→ What you will do:
Word for word, transcribe every line from the one holding "1.2 s after image 1." through the end of the records, but not the pictures.

→ Information provided:
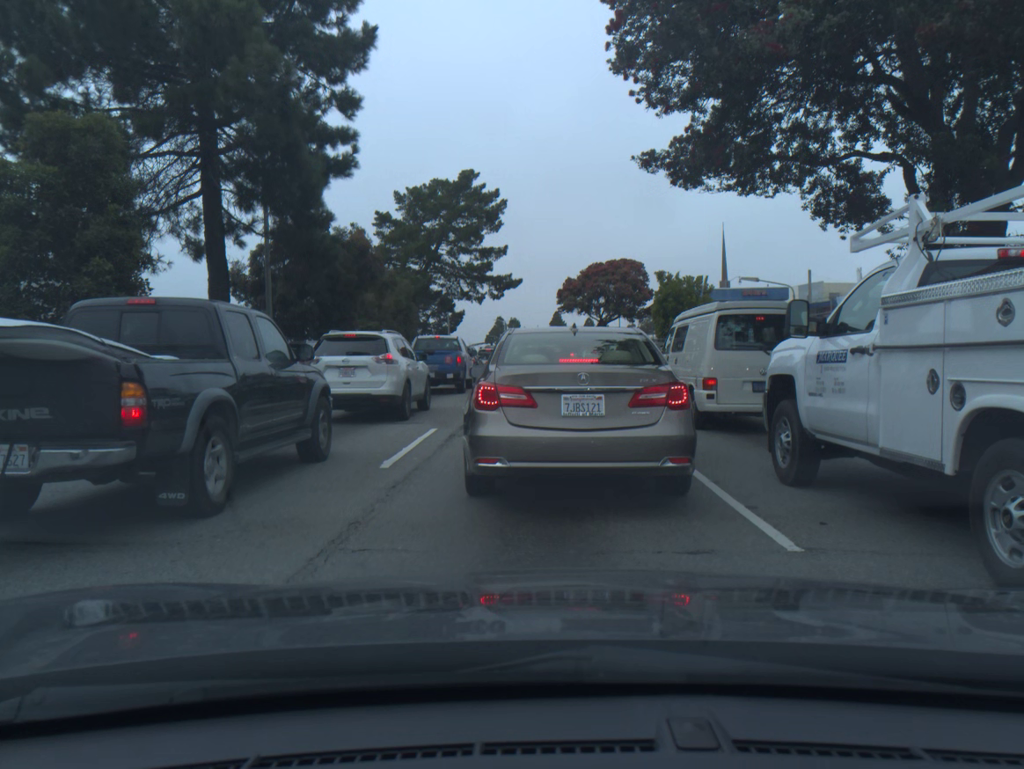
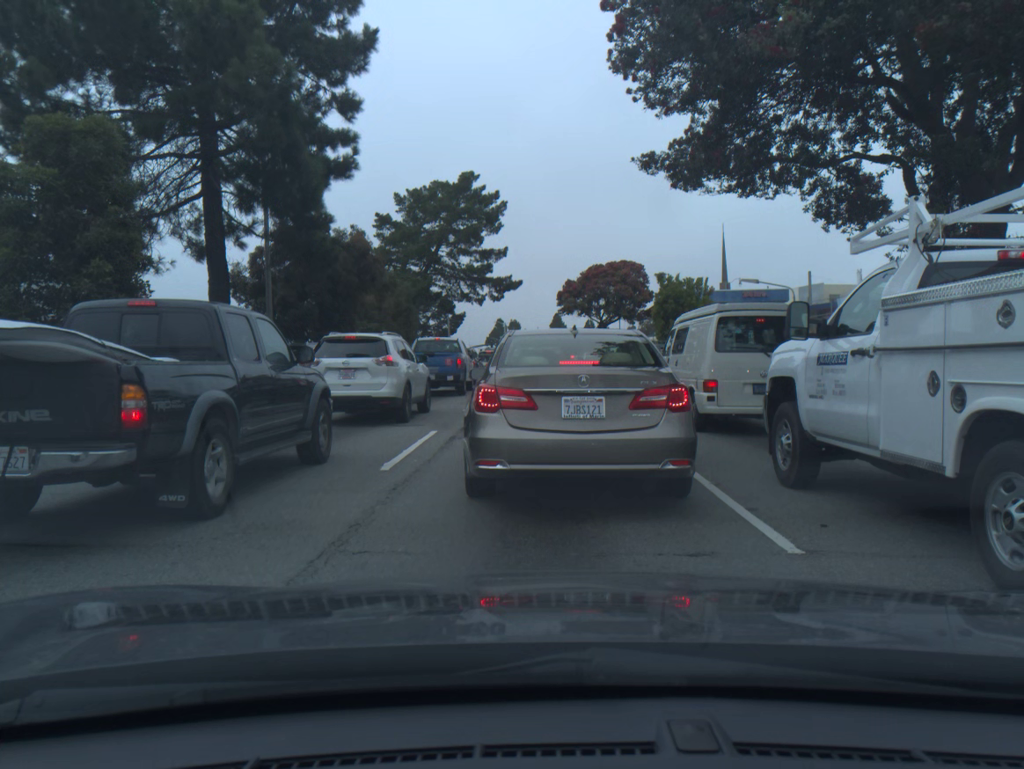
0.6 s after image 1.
(0.0, 0.0) m; 0°
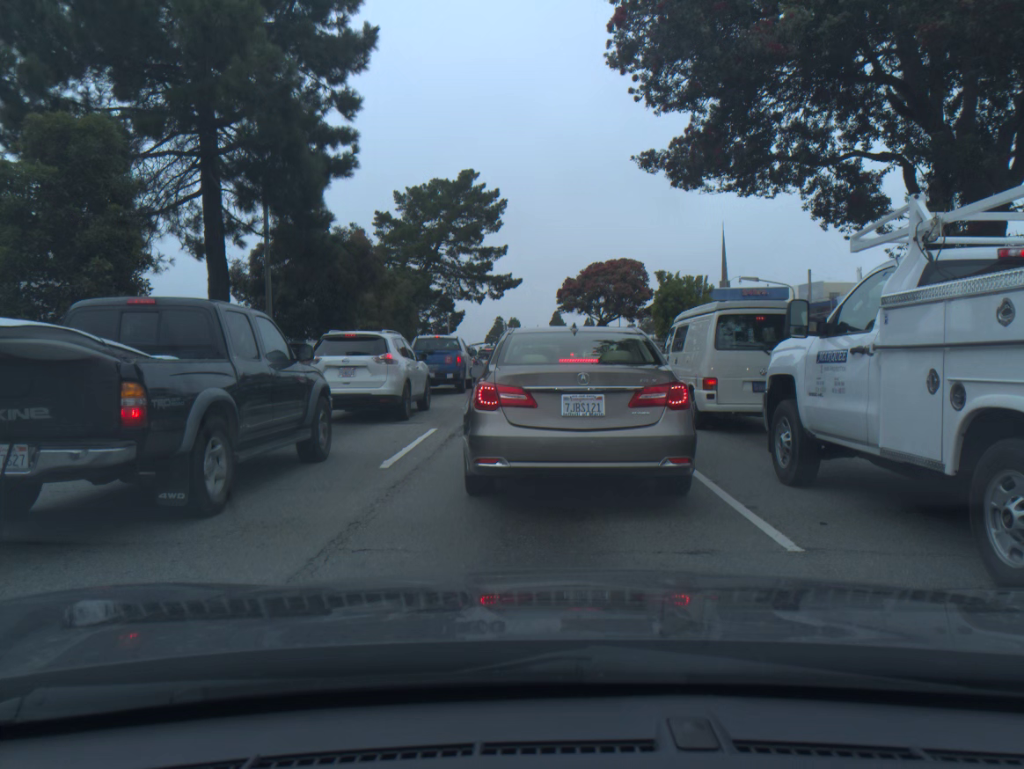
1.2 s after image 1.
(0.0, 0.0) m; 0°
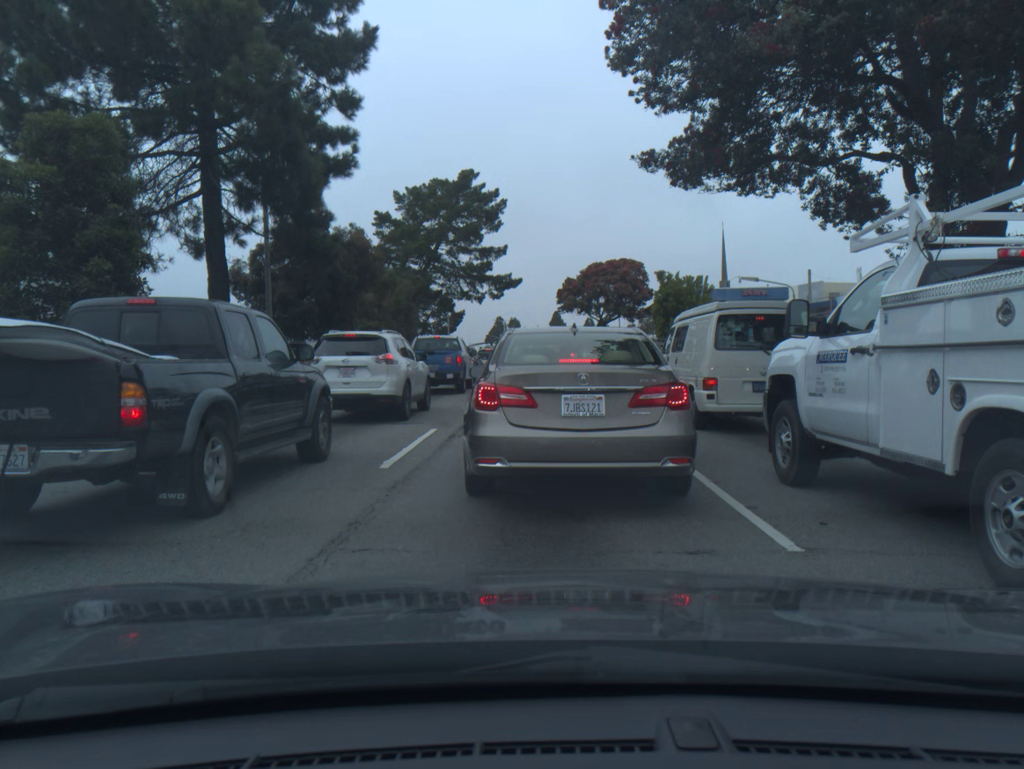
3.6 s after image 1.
(0.0, 0.0) m; 0°
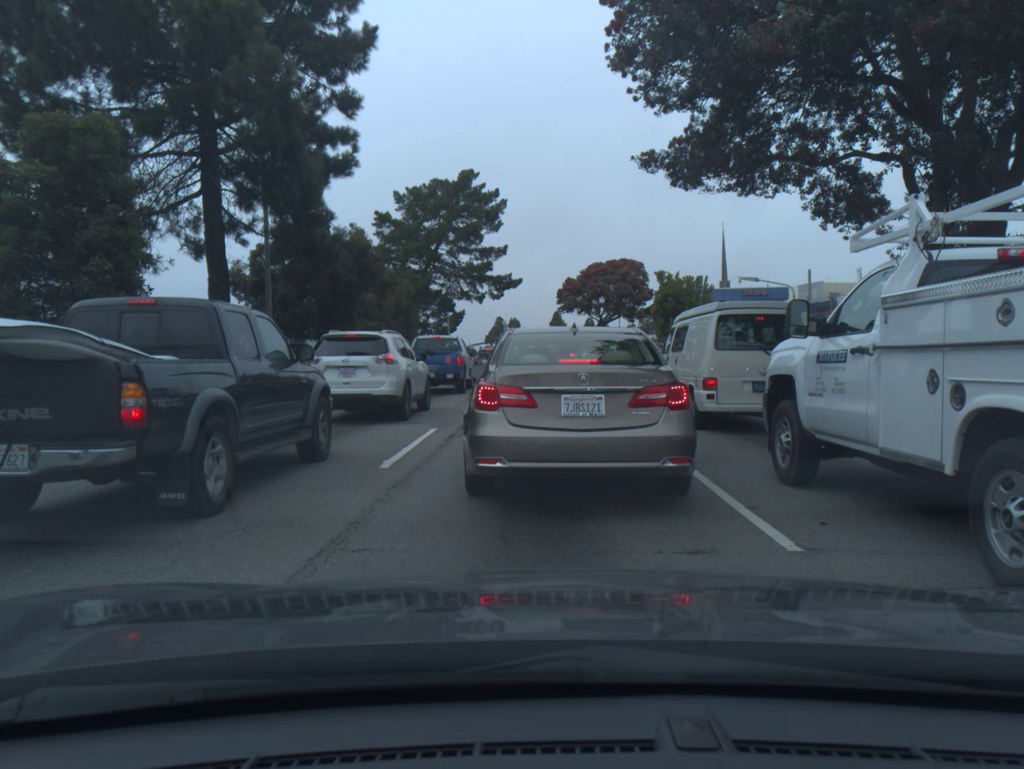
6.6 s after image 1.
(0.0, 0.0) m; 0°
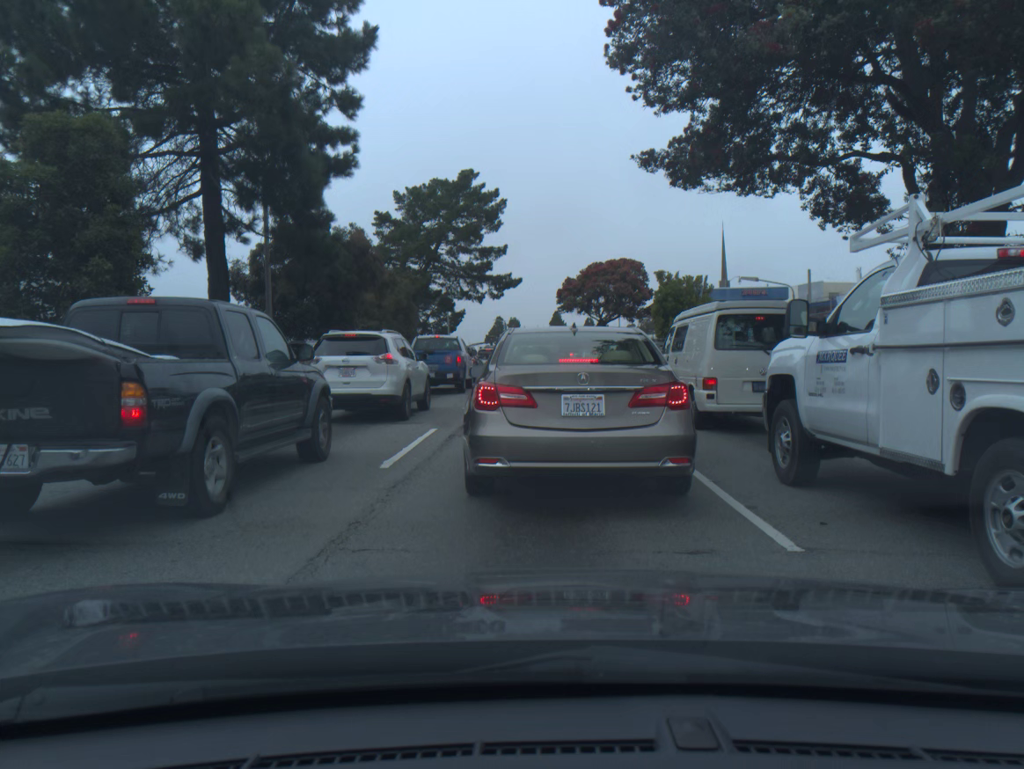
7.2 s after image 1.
(0.0, 0.0) m; 0°
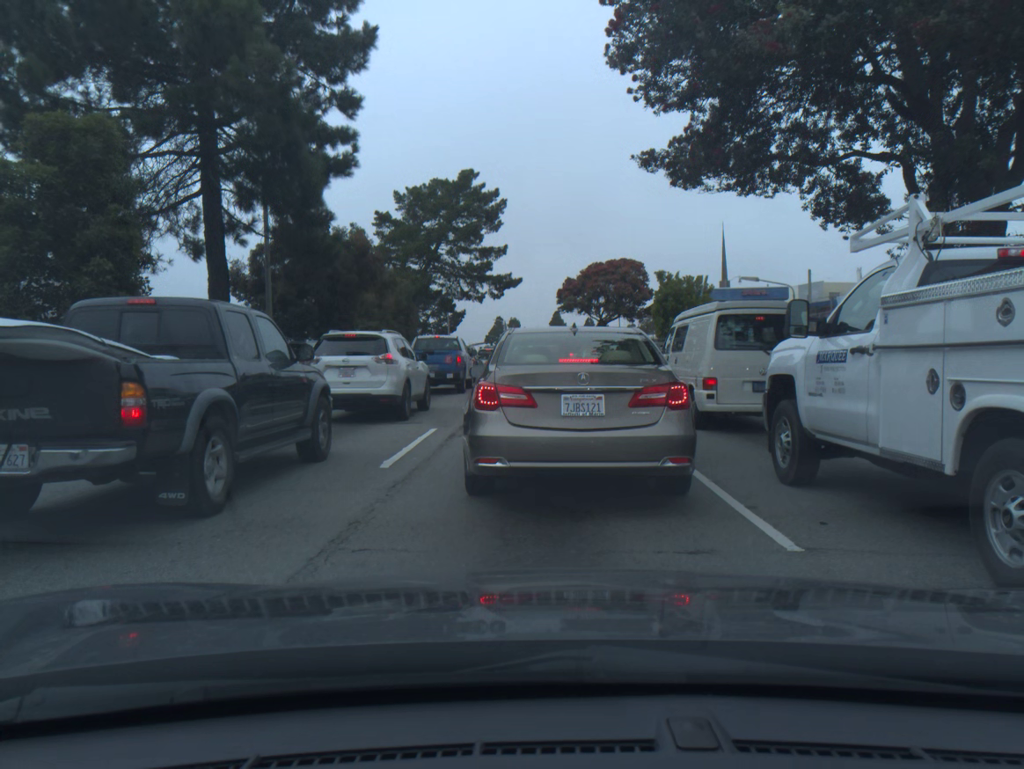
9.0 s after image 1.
(0.0, 0.0) m; 0°

→ Expected answer:
1.2 s after image 1.
(0.0, 0.0) m; 0°
3.6 s after image 1.
(0.0, 0.0) m; 0°
6.6 s after image 1.
(0.0, 0.0) m; 0°
7.2 s after image 1.
(0.0, 0.0) m; 0°
9.0 s after image 1.
(0.0, 0.0) m; 0°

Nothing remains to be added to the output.